Again, Discovery benefits from its very solid cast. Jason Isaacs, James Frain, Sonequa Martin-Green, Anthony Rapp, Mary Wiseman and Shazad Latif all continue to deliver stand-out performances, bringing real depth to their characters and performances even when the scripts occasionally falter. Wiseman and Latif in particular benefit from the back run of episodes, with Tilly channelling her youth and enthusiasm in some very unexpected directions and becoming a far more impressive character as a result. Latif's Ash Tyler gets put through the emotional winger and although there are some holes in the way his story developers, the actor never gives less than 100%.

The show continues to be one of the best-looking on television, with sets to die for and some very accomplished action scenes. The CGI and space scenes continue to disappoint, however. Discovery has gone for a very stylised and colourful look (Nebulas! Everywhere!) to its space scenes which are arty but also not very good at getting across the staging and geography of its space battles. The clean lines of the previous series where you could tell what the hell was going on are sadly missed at this point. Starship designs also continue to disappoint: the Klingon ships, which seem to be a hodge-podge of ideas thrown together with little regard for logic or design philosophy, are particularly poor.


In terms of story, a large chunk of this back run of episodes takes place in the Mirror Universe, Star Trek's go-to place when it wants to do morally unambiguous action stories (because everyone in the Mirror Universe is All Evil, All the Time). Discovery's use of the Mirror Universe is effective - avoiding creeping tone of camp that crept in during Deep Space Nine's frequent excursions there - if a bit overdrawn at four episodes, even if these did allow the reappearance of Michelle Yeoh as the evil Philippa Georgiou, whom Yeoh plays with scenery-destroying relish. Still, it gives the series a much-needed dramatic focus.

The show's final stretch feels badly compromised by earlier decisions. Putting both L'Rell and Voq on Discovery and killing off every other Klingon character of note means we have no real stake in the Klingon side of the conflict, especially once L'Rell and Voq both realised that the Federation is absolutely totes awesome after spending five minutes hanging out with them (the "assimilation" threat of the Federation from earlier in the season feels appropriate at this moment). The decision to retire the teleportation device, reinstate Burnham and end the war with a literal deus ex machina (at least from the Klingon POV) also makes it feel like Discovery is giving us easy, pat answers to large, complex problems.

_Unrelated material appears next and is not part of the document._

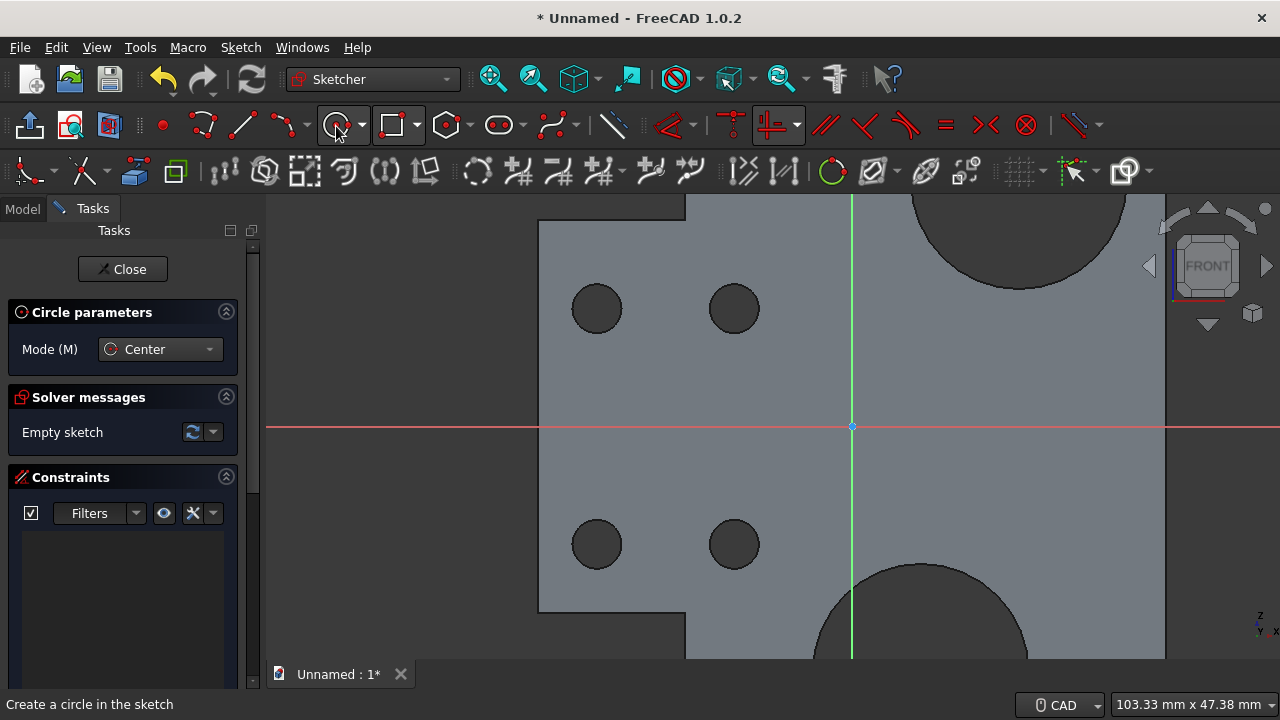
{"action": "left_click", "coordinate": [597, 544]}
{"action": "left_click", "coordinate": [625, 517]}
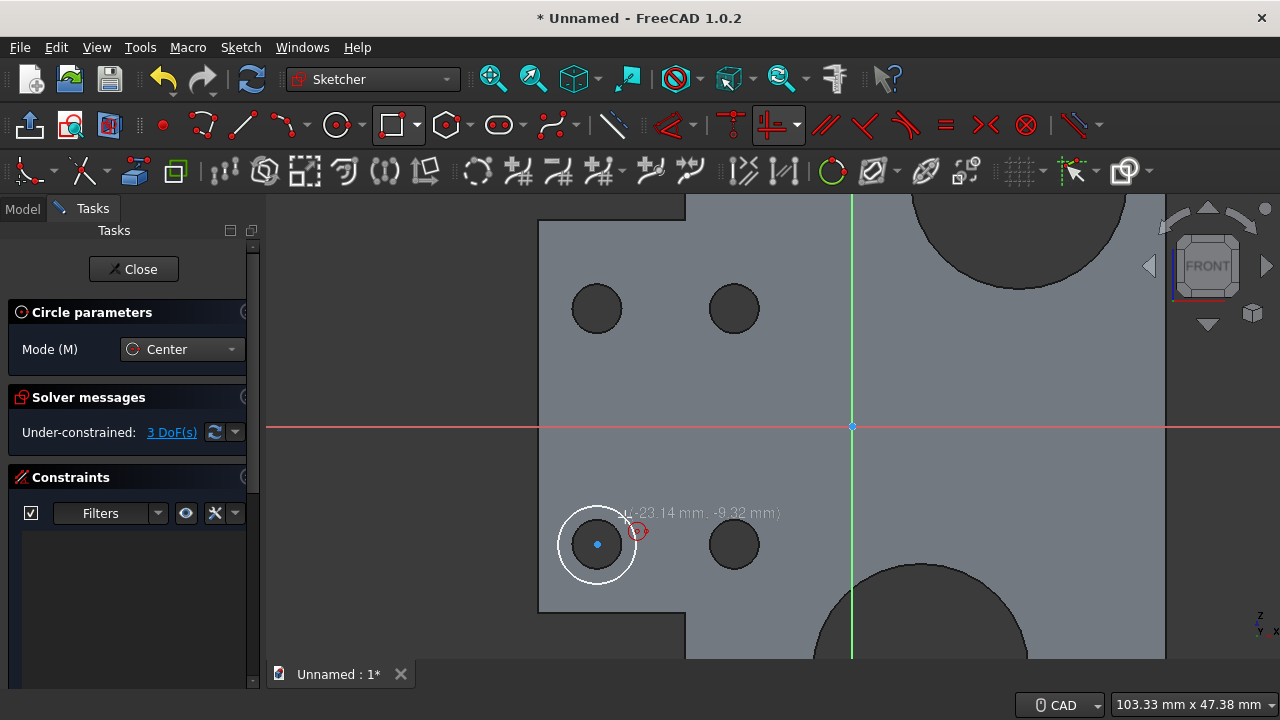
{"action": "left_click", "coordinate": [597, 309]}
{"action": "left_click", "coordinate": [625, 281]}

The final shot of the season is also very cool, along with the choice of theme music, but it also feels like the show should perhaps have tried standing on its own two feet for a while before playing this card.

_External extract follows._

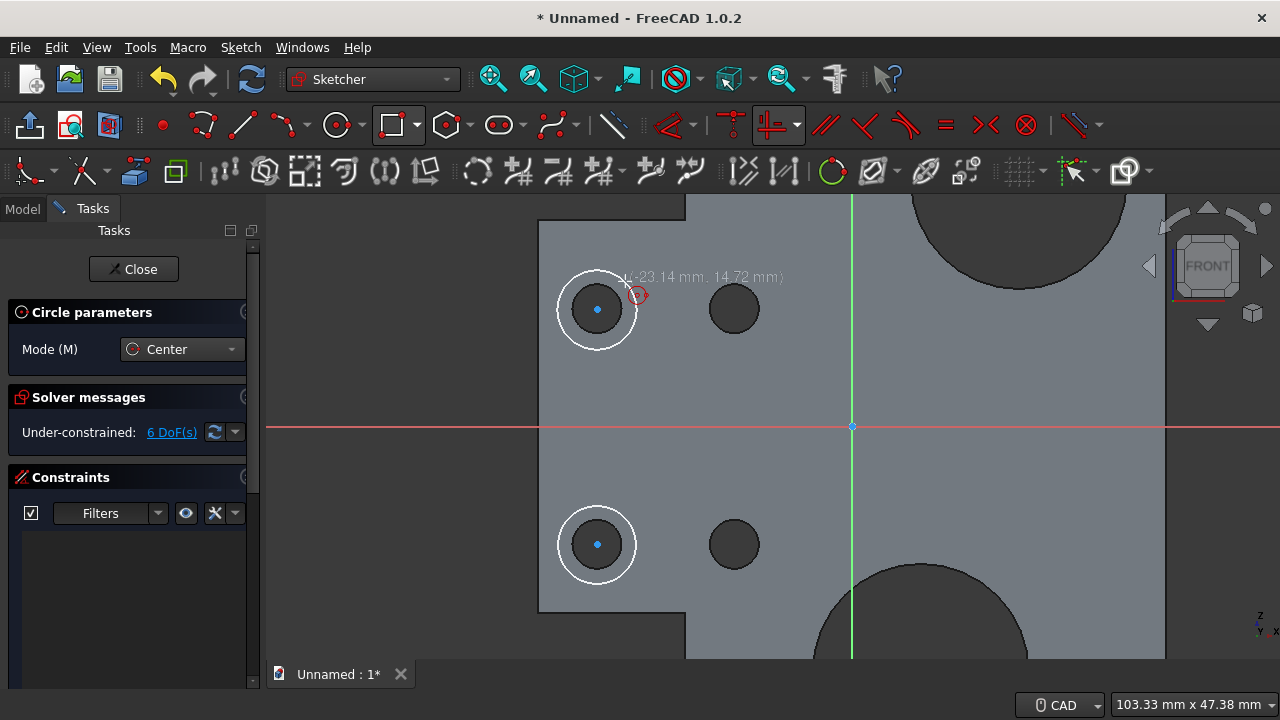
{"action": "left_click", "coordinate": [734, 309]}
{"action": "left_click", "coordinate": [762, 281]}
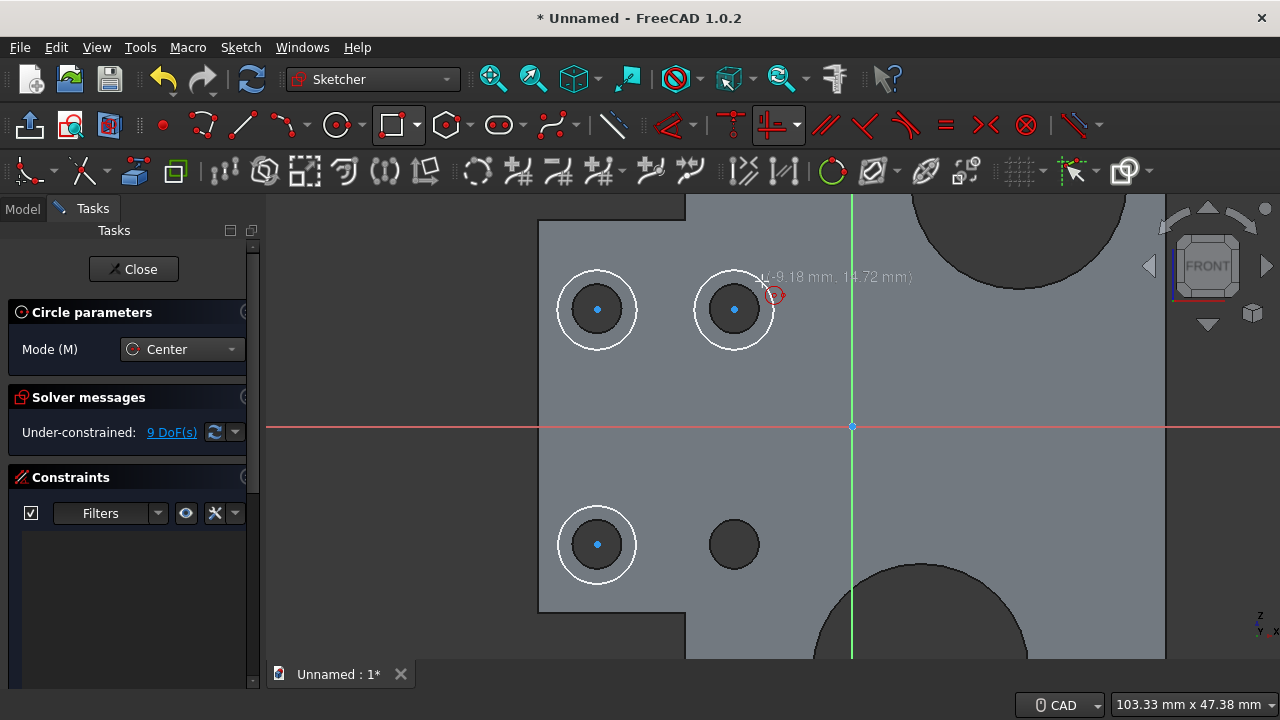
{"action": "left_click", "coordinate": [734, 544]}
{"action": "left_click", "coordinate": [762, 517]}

Ultimately, the second half of Star Trek: Discovery's first season (***½) is watchable and enjoyable, with a very strong cast (easily the strongest assembled since Deep Space Nine a full quarter of a century ago) and some really interesting ideas being explored. It's a also still a bit muddled in its storytelling, confused in its canonical status and veers inconsistently from setting up complex, morally murky situations to delivering pat, easy answers. But it remains the finest opening season of a Star Trek show since DS9 (if not the original series) and provides a solid foundation for the second season to build on. Star Trek: Discovery can be watched on CBS All Access in the USA, SPACE in Canada and Netflix in most of the rest of the world.

1 comment:

Anonymous said...

Actually, it's JASON Isaacs, not Jeremy. :)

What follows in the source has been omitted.